This is, I think, simply untrue with respect to Mormonism. At least in the internal logic of Mormonism, the church has an unbreakable monopoly. There are a few moments where exit may matter—for new converts, post-mission men, and young people in the transition from youth programs to Relief Society or Elders’ Quorum. Otherwise, exit simply doesn’t matter. I don’t mean to say that it doesn’t matter to individual church members or church leaders—-every person’s exit from the church affects someone else, usually many others, and I think many (almost all, in my experience) leaders care deeply and may even think more deeply about certain issues when they are broached by members with concerns serious enough to leave the church over–but statistically, for the institution, unless you belong to a large, identifiable cohort of exiters, it just doesn’t have anything like the kind of leverage Hirschman describes. In a Protestant context, where inter-denominational movement is possible, perhaps exiting one congregation for another would register in a different way, but I don’t think it works in institutions with the kinds of truth claims and robust notions of authority that, say, Catholics and Mormons have.

Exit is simply not a viable option for protest. (This is not to say that there are not honest and compelling reasons to exit. I believe that there are honorable reasons to leave, and I deeply respect my friends who have chosen this path, even as I grieve the Church’s loss, the injury to the body of Christ. I mean to say only that exit is not a productive mode of articulating criticism.)

Matt Bowman, borrowing from a Catholic theologian, Avery Cardinal Dulles, has formulated the problem this way:

But at the same time, Dulles reminds us that dissent always occurs within the context of a church, not merely as a rejection of it. This is important because, for both Catholics and Mormons, belonging to a church means membership in an ecclesiastical body that claims to be more than merely a gathering of Christians. Rather, God is in contact with the Church as well as with the individual. In other words, the church is a sacrament; it is a channel through which God extends grace and duty to human beings in ways not possible for individuals alone. In such a religion, authority and conscience exist in dialectic; they condition each other, strain at each other, but neither can exist fully before God without the other. The Church does not exist for its own sake, but neither do we gain salvation in isolation. So one can—and should—dissent as a member of a faith. The act of dissent should not be understood as a departure from that Church but rather as an act within it that draws upon its theology, history, and relation. A Mormon dissenter should dissent first as a Mormon.

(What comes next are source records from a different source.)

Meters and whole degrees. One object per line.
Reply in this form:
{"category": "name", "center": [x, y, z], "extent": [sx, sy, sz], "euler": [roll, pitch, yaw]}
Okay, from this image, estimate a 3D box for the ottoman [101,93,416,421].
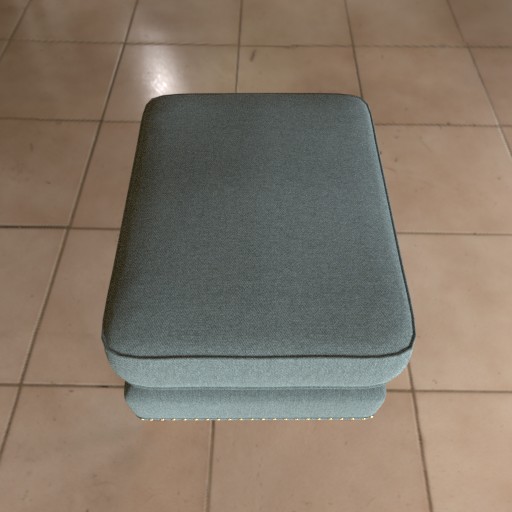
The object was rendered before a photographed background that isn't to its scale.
{"category": "ottoman", "center": [0.000, 0.000, 1.126], "extent": [0.589, 0.537, 0.738], "euler": [0, 58, 0]}
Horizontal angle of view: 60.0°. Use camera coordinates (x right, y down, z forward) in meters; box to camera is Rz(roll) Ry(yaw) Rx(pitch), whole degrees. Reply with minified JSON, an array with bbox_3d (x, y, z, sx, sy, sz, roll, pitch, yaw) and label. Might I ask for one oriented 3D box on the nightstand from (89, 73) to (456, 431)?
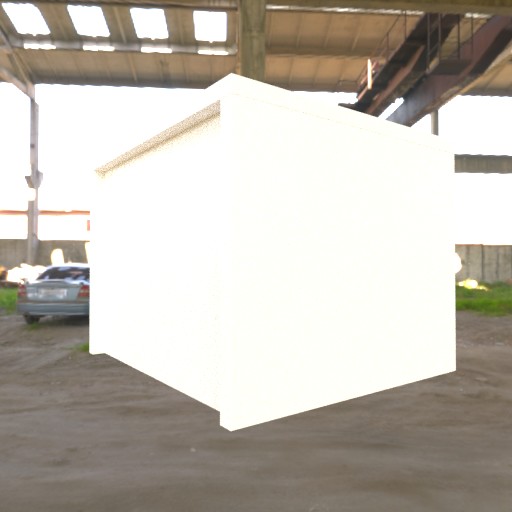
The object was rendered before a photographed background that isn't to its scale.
[{"bbox_3d":[0.000,0.000,0.743,0.408,0.351,0.470,1,-1,-36],"label":"nightstand"}]
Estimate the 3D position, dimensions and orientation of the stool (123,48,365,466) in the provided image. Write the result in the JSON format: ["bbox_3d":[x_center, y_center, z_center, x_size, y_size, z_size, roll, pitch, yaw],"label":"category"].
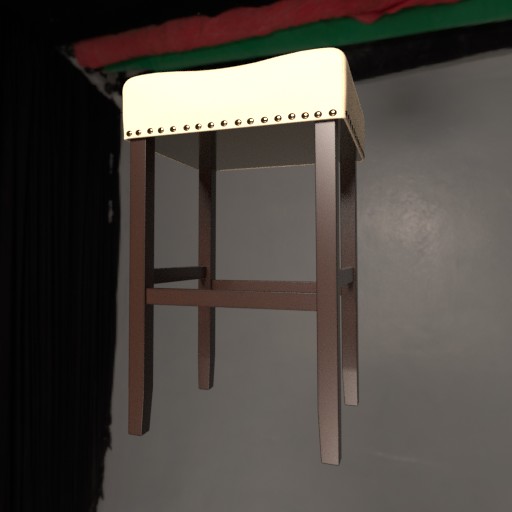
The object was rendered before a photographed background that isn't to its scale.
[{"bbox_3d":[0.000,0.000,1.046,0.471,0.762,0.401,0,0,19],"label":"stool"}]

Dissenting as a Mormon is tricky, of course, since there is both doctrinal discouragement and fierce social pressure to refrain from voicing any criticism. At the very least, a plausibly Mormon dissent requires abandoning the possibility of exit, and making it plain that one has done so. In his “Decalogue for Dissenters”, Armand Mauss has offered suggestions for how to do this:

1. Seek constantly to build a strong personal relationship with the Lord as the main source and basis for your own confidence in the alternate voice you are offering.
2. Do your homework before you speak up.
3. Relinquish any and all aspirations (or even expectations) for leadership callings in the Church.
4. Endure graciously the overt disapproval of “significant others,” including family members, but never respond in kind. [ed. note: If you can pull that off, beware of whirlwinds]
5. Pay your “dues” as a Church member. …Make clear your willingness to serve wherever called.
6. Be humble, generous, and good-natured in tolerating ideas that you find aversive in other Church members. …No one is won over by being put down, especially in public.
7. Show empathy and appreciation for Church leaders, male and female, from the general level to the local ward and branch. …Some of them sacrifice a great deal for no apparent benefit, and all are entitled to our support and our praise, whenever these can reasonably be given.
8. Do not say or do anything to undermine the influence or legitimacy of Church leaders at any level. …Let us by all means criticize policies, practices, or interpretations of doctrine; but let us not personalize our criticisms with ad hominem attacks. We should feel free to seek private interviews and/or correspondence with leaders, in which we can offer, in a spirit of love and humility, our constructive criticisms and suggestions.
9. Take advantage of legitimate opportunities to exercise your “alternate voices” and to exercise your free agency in “alternate” ways within the LDS Church and culture. We must never lapse into a posture where we just sit and gripe.
10. Endure to the end.

John Durham Peters has articulated a similar point in an interview with Ethan Yorgason, locating in the person of the Apostle Paul a model for would-be critics:

Ethan: Yeah, as long as you’re bringing him up, how would you present this to Mormon audiences: Paul’s idea that as for myself, I’m not necessarily bound by the law, but for others who feel bound by the law, I respect their view and their field of vision. This is a very different Paul than most Mormons would feel comfortable with, I’d guess.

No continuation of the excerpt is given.